#### [DIRECTIONS]
Only the lines holding "these" are wanted here; copy each from the listing.

START AVAILABLE DATA

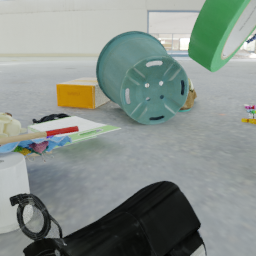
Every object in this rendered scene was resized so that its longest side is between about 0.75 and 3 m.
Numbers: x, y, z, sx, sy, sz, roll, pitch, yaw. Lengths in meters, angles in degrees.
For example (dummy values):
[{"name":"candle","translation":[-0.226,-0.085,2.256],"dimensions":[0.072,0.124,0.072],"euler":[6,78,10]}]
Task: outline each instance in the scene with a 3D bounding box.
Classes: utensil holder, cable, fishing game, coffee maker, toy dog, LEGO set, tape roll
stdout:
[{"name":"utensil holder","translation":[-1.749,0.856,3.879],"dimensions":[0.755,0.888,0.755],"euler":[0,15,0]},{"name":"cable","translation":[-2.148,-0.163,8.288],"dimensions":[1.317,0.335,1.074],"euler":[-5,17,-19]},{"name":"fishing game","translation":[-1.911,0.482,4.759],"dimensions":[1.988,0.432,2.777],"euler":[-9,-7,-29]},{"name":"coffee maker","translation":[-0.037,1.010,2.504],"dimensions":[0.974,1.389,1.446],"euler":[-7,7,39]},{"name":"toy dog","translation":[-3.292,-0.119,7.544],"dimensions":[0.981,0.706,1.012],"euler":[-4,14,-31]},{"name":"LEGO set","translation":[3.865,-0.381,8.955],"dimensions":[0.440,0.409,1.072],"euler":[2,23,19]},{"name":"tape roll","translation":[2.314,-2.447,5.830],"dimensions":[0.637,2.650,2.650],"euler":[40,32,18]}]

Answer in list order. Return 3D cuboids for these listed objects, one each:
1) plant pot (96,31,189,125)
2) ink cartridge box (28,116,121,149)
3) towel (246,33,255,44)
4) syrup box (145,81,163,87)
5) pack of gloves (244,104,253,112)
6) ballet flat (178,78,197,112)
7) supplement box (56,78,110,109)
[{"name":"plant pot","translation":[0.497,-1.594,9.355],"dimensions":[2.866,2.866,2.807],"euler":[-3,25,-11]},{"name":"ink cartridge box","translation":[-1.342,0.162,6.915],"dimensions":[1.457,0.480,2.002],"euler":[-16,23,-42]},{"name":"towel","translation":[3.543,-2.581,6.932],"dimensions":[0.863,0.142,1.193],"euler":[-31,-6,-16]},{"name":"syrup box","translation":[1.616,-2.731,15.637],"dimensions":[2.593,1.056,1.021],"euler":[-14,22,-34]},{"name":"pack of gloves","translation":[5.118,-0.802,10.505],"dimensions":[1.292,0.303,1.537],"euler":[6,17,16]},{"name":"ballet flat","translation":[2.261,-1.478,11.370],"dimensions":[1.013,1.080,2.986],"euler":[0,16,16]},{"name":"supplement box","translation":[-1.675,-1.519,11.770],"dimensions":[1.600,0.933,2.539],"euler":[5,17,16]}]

END AVAILABLE DATA
START AVAILABLE DATA

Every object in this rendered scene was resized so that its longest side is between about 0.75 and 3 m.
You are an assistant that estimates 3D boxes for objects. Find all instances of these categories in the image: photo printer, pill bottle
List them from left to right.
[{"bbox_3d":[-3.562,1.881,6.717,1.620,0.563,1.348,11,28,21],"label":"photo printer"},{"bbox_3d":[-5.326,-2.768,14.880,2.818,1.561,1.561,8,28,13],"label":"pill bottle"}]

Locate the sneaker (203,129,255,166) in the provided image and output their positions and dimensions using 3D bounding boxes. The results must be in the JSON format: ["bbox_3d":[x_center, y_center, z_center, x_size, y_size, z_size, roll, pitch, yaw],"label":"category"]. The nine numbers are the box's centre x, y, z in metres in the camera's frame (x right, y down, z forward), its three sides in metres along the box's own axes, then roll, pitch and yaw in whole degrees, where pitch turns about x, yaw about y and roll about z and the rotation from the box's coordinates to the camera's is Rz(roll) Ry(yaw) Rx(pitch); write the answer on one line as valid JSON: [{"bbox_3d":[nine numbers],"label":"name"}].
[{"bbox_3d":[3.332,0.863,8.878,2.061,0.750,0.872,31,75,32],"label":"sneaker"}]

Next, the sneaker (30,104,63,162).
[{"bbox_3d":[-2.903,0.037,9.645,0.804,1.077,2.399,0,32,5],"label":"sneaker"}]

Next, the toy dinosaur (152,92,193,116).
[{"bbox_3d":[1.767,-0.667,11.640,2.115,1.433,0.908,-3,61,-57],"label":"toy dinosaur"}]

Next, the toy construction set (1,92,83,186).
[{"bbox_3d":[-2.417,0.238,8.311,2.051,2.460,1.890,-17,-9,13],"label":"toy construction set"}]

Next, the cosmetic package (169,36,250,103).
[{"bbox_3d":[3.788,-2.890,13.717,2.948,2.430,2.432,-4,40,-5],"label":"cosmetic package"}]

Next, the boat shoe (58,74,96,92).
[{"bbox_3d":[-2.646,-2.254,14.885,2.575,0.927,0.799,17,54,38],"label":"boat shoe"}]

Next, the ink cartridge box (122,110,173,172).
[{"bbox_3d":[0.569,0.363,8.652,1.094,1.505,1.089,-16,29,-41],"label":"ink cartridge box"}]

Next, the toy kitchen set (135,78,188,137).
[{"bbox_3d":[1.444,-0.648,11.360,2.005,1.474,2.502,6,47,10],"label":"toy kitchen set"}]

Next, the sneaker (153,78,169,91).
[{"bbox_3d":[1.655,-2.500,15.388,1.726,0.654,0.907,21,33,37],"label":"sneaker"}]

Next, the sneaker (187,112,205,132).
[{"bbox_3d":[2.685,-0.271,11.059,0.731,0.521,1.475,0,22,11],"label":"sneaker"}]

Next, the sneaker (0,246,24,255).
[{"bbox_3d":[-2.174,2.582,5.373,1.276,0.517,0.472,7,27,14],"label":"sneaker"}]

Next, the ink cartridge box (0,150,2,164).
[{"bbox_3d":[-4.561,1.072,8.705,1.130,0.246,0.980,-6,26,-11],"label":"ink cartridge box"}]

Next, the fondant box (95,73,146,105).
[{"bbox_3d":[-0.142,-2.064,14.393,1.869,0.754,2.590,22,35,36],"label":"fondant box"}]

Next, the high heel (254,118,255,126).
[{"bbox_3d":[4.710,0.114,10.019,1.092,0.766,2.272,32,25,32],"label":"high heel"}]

END AVAILABLE DATA
START AVAILABLE DATA

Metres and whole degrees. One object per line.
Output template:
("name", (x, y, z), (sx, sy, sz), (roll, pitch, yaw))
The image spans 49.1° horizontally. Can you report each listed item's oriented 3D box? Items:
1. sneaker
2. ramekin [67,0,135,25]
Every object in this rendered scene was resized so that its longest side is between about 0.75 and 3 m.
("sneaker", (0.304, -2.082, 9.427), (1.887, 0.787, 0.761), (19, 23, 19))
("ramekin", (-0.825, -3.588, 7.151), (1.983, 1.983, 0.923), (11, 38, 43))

END AVAILABLE DATA

#### [SOLUTION FOR THIS PROBLEM]
Answer in list order. Return 3D cuboids for these listed objects, one each:
You are an assistant that estimates 3D boxes for objects. Find all instances of these categories in the image: photo printer, pill bottle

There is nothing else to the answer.